Tuesday, 26 February 2013

My Initial Fall out of Religion (My journey, part 1)

As a part of a school assignment, I attended a service at the church of my youth for the first time since my mother died, in September. Even in isolation from my experiences at a Catholic Mass the week prior (of which more later), my attendance at the Salvation Army church served to revive memories of why I found myself an atheist (of which more later).

As a child I gradually grew alienated from the church. It wasn't simply that I found the services long and boring. It was that I felt that the church not only worshiped in a manner I found disrespectful of any God, but also seemed to me to be idolatrous. It was because of those two reasons that I did my best to leave the church, though I should be admitted that I maintained an attendance over the years for the sake of my dying mother.

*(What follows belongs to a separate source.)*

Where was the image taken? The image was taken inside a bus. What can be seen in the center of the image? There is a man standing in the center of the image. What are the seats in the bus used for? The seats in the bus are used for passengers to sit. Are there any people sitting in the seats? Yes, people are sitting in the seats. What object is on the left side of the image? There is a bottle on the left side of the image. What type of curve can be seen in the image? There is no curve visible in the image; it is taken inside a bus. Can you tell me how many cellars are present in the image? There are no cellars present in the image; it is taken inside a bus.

The services of the Salvation Army, for the uninitiated, can be summarized as being a "song and dance" routine. The uniformed band, which is of a high quality, begins things with some traditional numbers. This is followed by the uniformed choir, with their own offerings. Between this and the sermon (which is quite some time), the focus shifts to the non-uniformed band du jour, which as of this past Sunday, was a rock band, in the finest example of modern day evangelical protestantism. They had very nice guitars, and a cute youngster from the choir performed lead vocals. In the past we had folk bands, and through my life I have witnessed the "electrification" of the service.

This electrification did not sit well with many in the congregation. Indeed, many of the elderly would use the opportunity to leave the church, a reaction which occasioned a sermon on how insensitive it was to reject the style of worship others have adopted. I would agree with the Old that electrification is a sappy sell-out to the youth. I go further and declaim the whole service, regardless of the music, for, when you place music above the message, as the SA has always done, you are nothing more than a carnival. If Jesus was the word made flesh, than why not use words?

My other issue with the SA was that, by the time came for the sermon, they seemingly indulged in idolatry. I must confess I did not understand the doctrine of the trinity, but that did not stop me from having significant problems with the name of Jesus being invoked at every opportunity - as opposed to God. They only ever thanked Jesus/God for their sacrifice on the cross, and nothing else, which I thought improper and irreverent.

These feelings would begin my exodus from the church, religion, and God. I did not at the time feel like Atheism was a proper position to take, though I had felt like an atheist already. I felt that I needed some kind of religion, and so I would examine others. I respected Islam for its apparent simplicity and equality. I respected Judaism and Zoroastrianism for their pedigree, and the apparent quality of their people. In the end I would wind up as one of those "spiritual types," at least until I returned from war, many years later.

I must now go through my revelations from Sunday.

My girlfriend, during the service, made two important observations. First, it appeared that we observed the doctrine of predestination, a thing we both found abhorrent. My sister and I had to admit that in the course of our lives we were never instructed in the particular theology of our sect. Our Sunday Schools were spent in discussion of Old Testament stories and history (sometimes with a comic bent, such as whether King David was a homosexual), and we only ever learned anything about this theology through experience.

The experience that stands out in my mind was during the last days of my mother's life. My father had been listening to our relations and the Officers talking (over and over), and realized that whenever they spoke of my mother going to see her mother, they never mentioned her father. Apparently, this was because my grandfather never did the "sinner's prayer" prior to his death. Therefore, they expected him to be in hell. Hell, that idea I thought so obsolescent was here in the fore. It was the first time in years I had heard it mentioned in any seriousness by anyone. I wondered how my mother would have possibly said this prayer prior to her death, given that she thought I was our dead dog and my sister was my unborn brother.

My girlfriend's other observation was that, in spite of the length of the Salvation Army's service (a brutal 1h40m), there was no time given to reflection. She, being a Catholic, found this very unusual. I can imagine she also found it annoying, as I can guess from conversations we've had that this time for reflection is the thing she treasures most from Mass. She concluded that our services were cult-like. Our services were long, loud, and overwhelming. They required no thinking, no response from the audience (barely an amen). One is passive for the entire time. You only ever feel connected to whoever is leading the service at the time. When I remarked that our officers must only ever marry other officers, it seemed like its status as a Cult was confirmed.